August 1944 Anne Frank, the young Jewish girl whose journal of her life in hiding in Nazi-occupied Amsterdam made her a world-wide symbol for the Holocaust, was betrayed. Now, 60 years on, the question of who reported the Frank family to the Nazis remains unanswered.
Between 1942 and 1944 Anne Frank, her parents, older sister Margot and four other people hid in a small annex behind her father's office in the center of Amsterdam. In the cramped space Anne wrote of her daily life in hiding and her teenage fears and hopes.
PHOTOS: AFP
On August 4, 1944, after somebody reported their presence to the Nazis, Anne and the others were deported. She died in Bergen-Belsen concentration camp in March 1945, aged 15, shortly before the camp was liberated by the Allies at the war's end.
After the war, only Anne's father Otto returned from the camps. He got Anne's diary from a Dutch woman who helped the Frank family in hiding and published it. In 1952, when it was first published in English, the diary touched a nerve in the US and Anne came to symbolize the horrors of the Holocaust to people all over the world.
Over the years several theories have surfaced about who betrayed the Frank family and why.
"It is perfectly natural. If you see what happened to Anne Frank, you want to catch the culprit. People are angry and they want to know," Hans Westra, director of the Anne Frank Foundation in Amsterdam, said.
On Aug. 4, 1944, SS official Karl Joseph Silberbauer and three Dutch collaborators came to the Prinsengracht 263, where the Frank family was in hiding. The police arrived and demanded to be taken to the Jews in hiding and were taken straight to the annex, Silberbauer told investigators after the war. He could, however, not say who denounced the Frank family to the Nazis.
Over the years, three main suspects for the betrayal of Anne Frank emerged: Wim van Maaren, an employee of Otto Frank-Lena Hartog-Van Bladeren, a cleaning lady in the office and Anthon "Tonny" Ahlers, a committed Nazi who was also a petty thief who blackmailed Otto Frank.
Two years ago English researcher Carol Anne Lee, who wrote a biography of Otto Frank, pointed to Ahlers as the culprit. This former business associate of Otto was a well-known anti-Semite who needed money and protection from the Nazis, she argued.
Austrian writer Melissa Muller said Hartog-Van Bladeren betrayed the family because she feared she could be deported together with her husband for aiding the Frank family if they were discovered.
For many years Van Maaren was the main suspect but two post-war police investigations turned up nothing and he always professed his innocence.
After extensive research last year, historians of the Dutch War Documentation Institute concluded that we will probably never know who betrayed Anne Frank.
"The conclusion of our inquiry is that we do not consider any of the three suspects to be a likely candidate for the role of betrayer," the historians wrote.

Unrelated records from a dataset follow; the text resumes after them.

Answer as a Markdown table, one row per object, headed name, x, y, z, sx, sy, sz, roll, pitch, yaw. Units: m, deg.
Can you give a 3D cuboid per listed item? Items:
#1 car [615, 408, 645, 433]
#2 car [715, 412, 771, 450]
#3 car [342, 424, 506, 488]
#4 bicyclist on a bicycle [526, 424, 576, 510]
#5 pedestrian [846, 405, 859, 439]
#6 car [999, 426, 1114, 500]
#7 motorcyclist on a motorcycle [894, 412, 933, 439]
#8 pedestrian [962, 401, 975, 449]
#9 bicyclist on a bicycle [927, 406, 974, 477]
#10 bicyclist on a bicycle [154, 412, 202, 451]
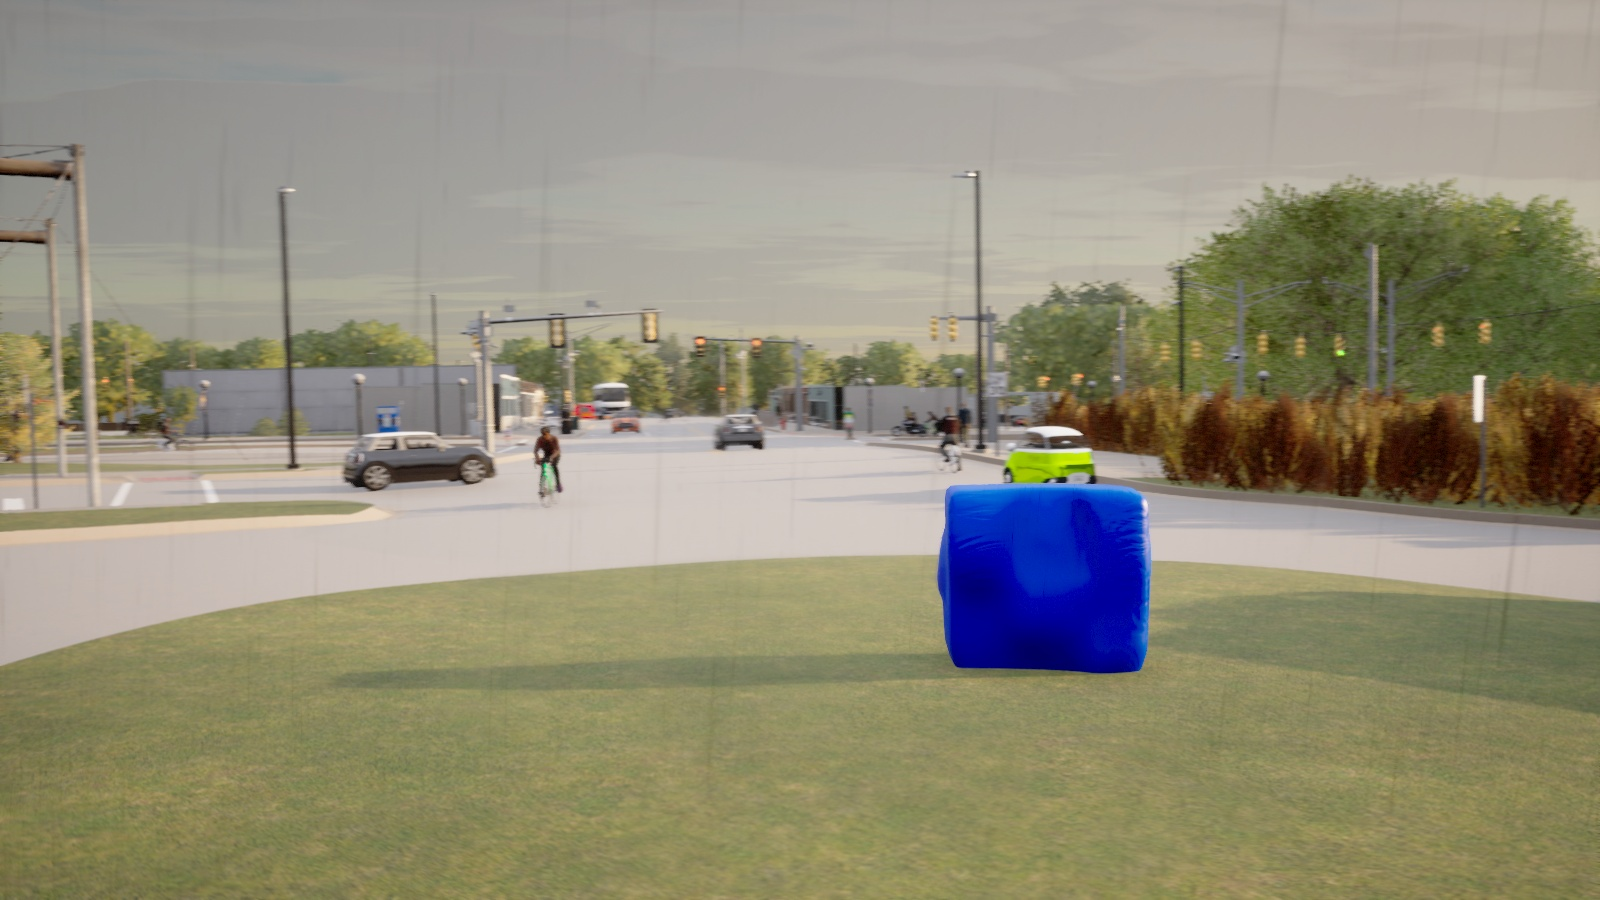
| name | x | y | z | sx | sy | sz | roll | pitch | yaw |
| --- | --- | --- | --- | --- | --- | --- | --- | --- | --- |
| car | -12.618 | -2.214 | 92.994 | 2.097 | 1.767 | 4.553 | -1 | 2 | -8 |
| car | -2.433 | -0.813 | 52.797 | 1.970 | 1.475 | 3.806 | -1 | 1 | -8 |
| car | -10.115 | 0.113 | 33.846 | 3.806 | 1.475 | 1.970 | -3 | 4 | -32 |
| bicyclist on a bicycle | -4.977 | 0.310 | 25.207 | 0.582 | 1.620 | 1.656 | -2 | 2 | 1 |
| pedestrian | 3.125 | -1.664 | 74.238 | 0.659 | 1.952 | 0.873 | 0 | 3 | 9 |
| car | 5.356 | 0.229 | 26.429 | 1.481 | 1.376 | 2.207 | -2 | 4 | -17 |
| motorcyclist on a motorcycle | 7.158 | -1.572 | 79.355 | 2.350 | 1.649 | 0.766 | 1 | 1 | -5 |
| pedestrian | 6.591 | -0.969 | 49.073 | 0.402 | 1.842 | 0.726 | -1 | 3 | 0 |
| bicyclist on a bicycle | 3.942 | -0.255 | 33.016 | 0.659 | 1.776 | 1.843 | -1 | 3 | -11 |
| bicyclist on a bicycle | -29.235 | -0.876 | 59.017 | 1.843 | 1.776 | 0.659 | -2 | 2 | -8 |
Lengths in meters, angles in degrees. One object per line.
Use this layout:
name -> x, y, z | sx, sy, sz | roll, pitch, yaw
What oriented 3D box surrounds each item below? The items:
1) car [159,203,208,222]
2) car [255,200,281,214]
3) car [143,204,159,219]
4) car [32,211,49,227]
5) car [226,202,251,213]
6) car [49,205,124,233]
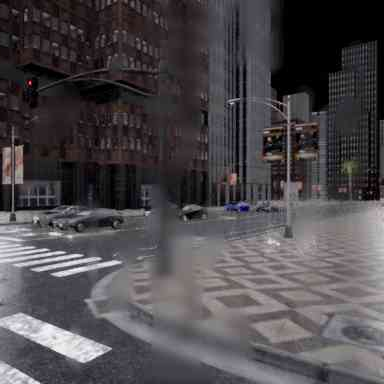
car -> -0.435, 1.862, 30.636 | 1.882, 1.535, 5.008 | 0, 0, 35
car -> 10.702, 2.216, 46.450 | 2.033, 1.411, 5.357 | 0, -1, 36
car -> -2.768, 1.880, 32.968 | 2.128, 1.511, 4.902 | 0, -1, 35
car -> -8.990, 1.723, 24.085 | 2.128, 1.511, 4.902 | 0, -1, 35
car -> 6.519, 2.102, 46.177 | 1.882, 1.535, 5.008 | 0, -1, 35
car -> -6.550, 1.756, 21.905 | 1.812, 1.442, 4.674 | 0, -1, 35
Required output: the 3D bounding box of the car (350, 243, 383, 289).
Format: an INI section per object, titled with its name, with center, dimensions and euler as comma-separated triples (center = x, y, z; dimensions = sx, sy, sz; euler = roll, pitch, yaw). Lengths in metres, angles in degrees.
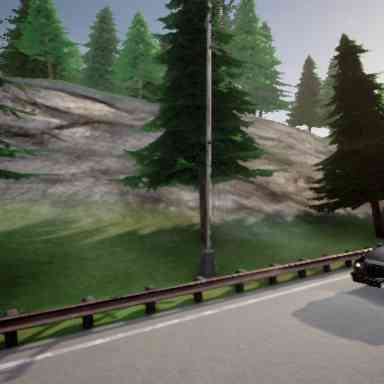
[car]
center = 6.245, 1.598, 8.444
dimensions = 5.357, 1.411, 2.033
euler = 0, 0, -35
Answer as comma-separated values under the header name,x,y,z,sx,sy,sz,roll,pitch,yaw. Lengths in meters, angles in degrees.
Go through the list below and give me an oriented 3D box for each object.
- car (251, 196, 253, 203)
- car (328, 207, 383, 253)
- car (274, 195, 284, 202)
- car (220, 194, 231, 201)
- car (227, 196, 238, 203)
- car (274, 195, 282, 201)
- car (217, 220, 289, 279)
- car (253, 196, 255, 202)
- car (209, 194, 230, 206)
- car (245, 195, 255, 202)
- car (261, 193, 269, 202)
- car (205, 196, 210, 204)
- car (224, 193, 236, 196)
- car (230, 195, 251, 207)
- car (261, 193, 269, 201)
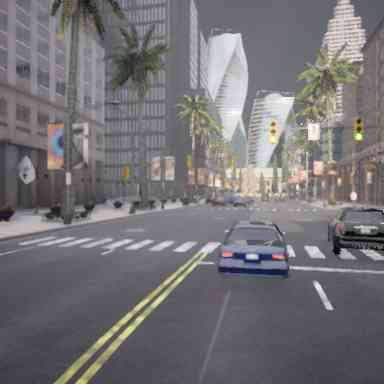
name,x,y,z,sx,sy,sz,roll,pitch,yaw
car,9.740,1.639,61.434,1.994,1.385,4.181,0,0,14
car,6.731,1.380,13.486,2.097,1.767,4.553,0,0,20
car,21.532,1.714,81.617,1.895,1.301,4.718,0,0,12
car,8.826,1.446,87.198,2.185,1.767,4.553,0,0,12
car,8.980,1.635,73.767,1.994,1.385,4.181,0,0,13
car,23.652,1.628,91.445,1.837,1.490,4.892,0,0,12
car,1.913,1.561,10.220,2.033,1.411,5.357,0,0,12
car,11.927,1.641,70.951,1.994,1.385,4.181,0,0,13
car,4.560,1.533,54.628,1.882,1.535,5.008,0,0,13
car,14.256,1.628,81.129,2.128,1.511,4.902,0,0,13
car,18.121,1.667,82.399,1.994,1.385,4.181,0,0,12
car,3.902,1.575,65.827,2.161,1.482,4.786,0,0,12
car,6.776,1.290,64.074,2.150,2.045,5.566,0,0,13
car,7.641,1.609,52.437,2.033,1.411,5.357,0,0,13
car,20.239,1.353,92.218,2.150,2.045,5.566,0,0,12
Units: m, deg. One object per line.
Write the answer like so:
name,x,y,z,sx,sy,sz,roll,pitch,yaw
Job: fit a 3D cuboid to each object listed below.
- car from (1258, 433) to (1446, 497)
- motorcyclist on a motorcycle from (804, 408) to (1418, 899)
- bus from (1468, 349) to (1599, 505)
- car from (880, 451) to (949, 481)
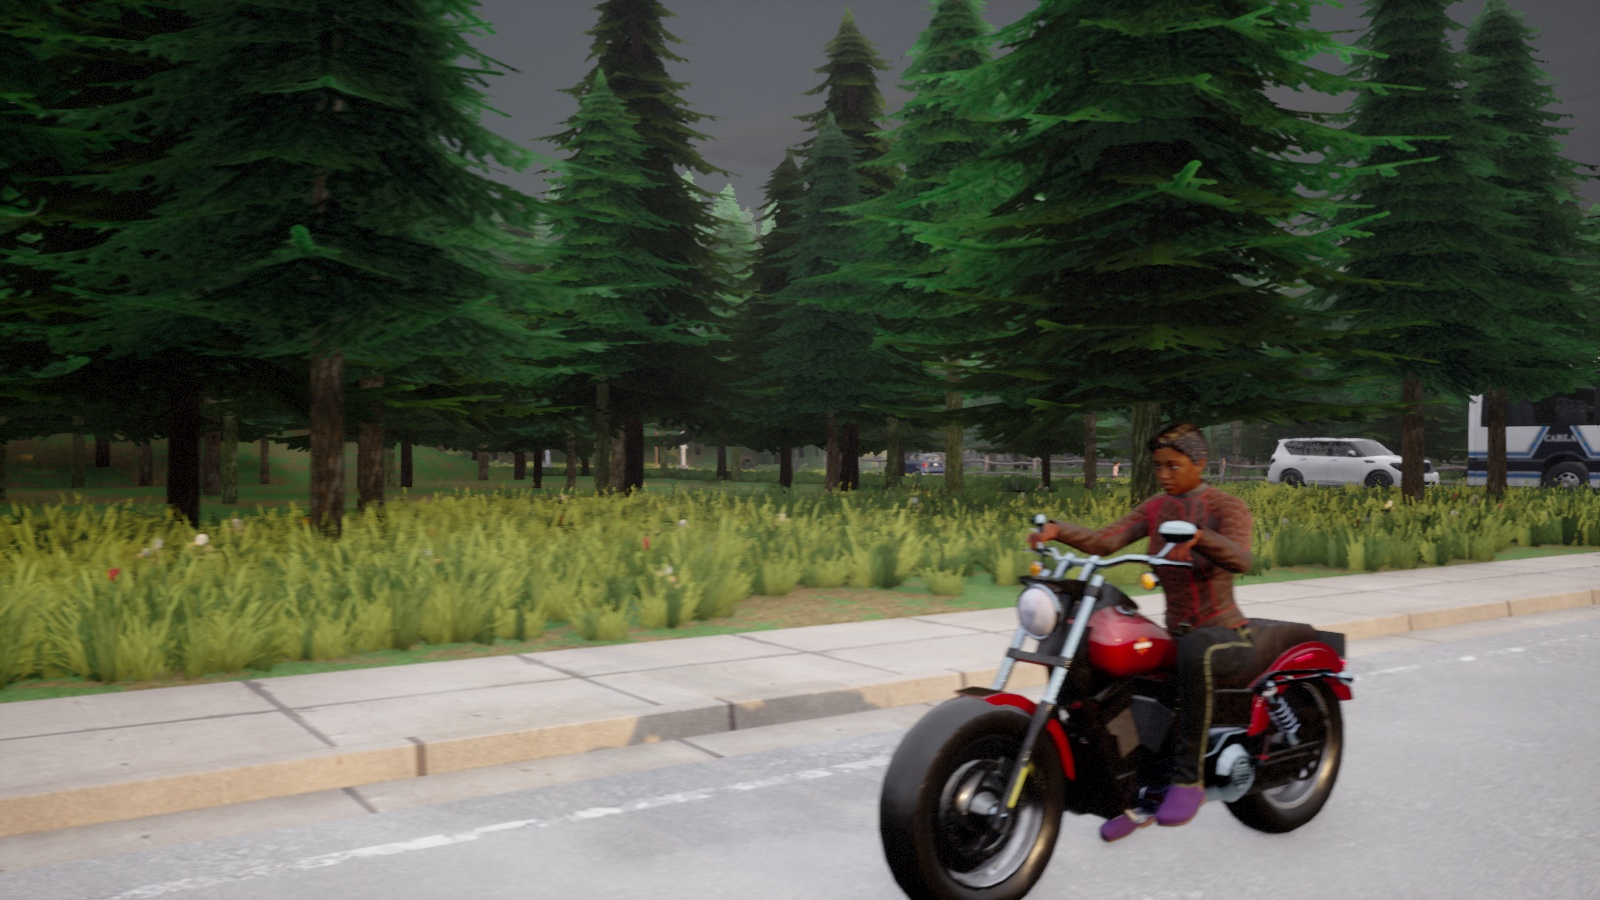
car,18.681,0.495,42.792,2.150,2.045,5.566,0,0,-33
motorcyclist on a motorcycle,1.201,0.704,4.494,2.350,1.649,0.766,0,0,-35
bus,24.253,-0.634,33.992,3.944,4.253,10.273,0,0,-32
car,6.180,0.850,67.876,1.789,1.549,3.705,0,0,-34
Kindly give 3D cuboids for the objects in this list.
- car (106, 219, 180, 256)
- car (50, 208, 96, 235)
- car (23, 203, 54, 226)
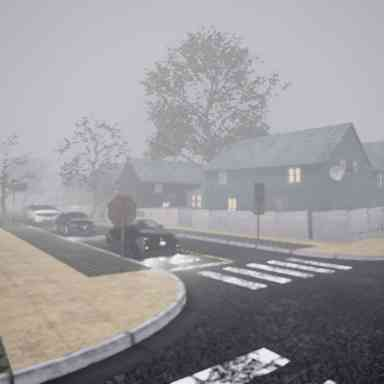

The Germans burned their archives when they pulled out of Amsterdam and there is little chance today of finding evidence to substantiate any of the claims.
"Going into hiding with seven others in the center of Amsterdam, a situation where you even have to be afraid of the warehouse assistant in your old business and do not know what your neighbors are thinking and doing, greatly reduces your chances of survival. The annex could and still can be seen, by at least a hundred residents [in the area]," the historians explained.
The mystery of who betrayed the 15-year-old Anne Frank will probably always remain as her remarkable story continues to move people all around the world.
Her diary was translated into 69 languages and has sold over 31 million copies. The house where the family hid receives almost a million visitors each year.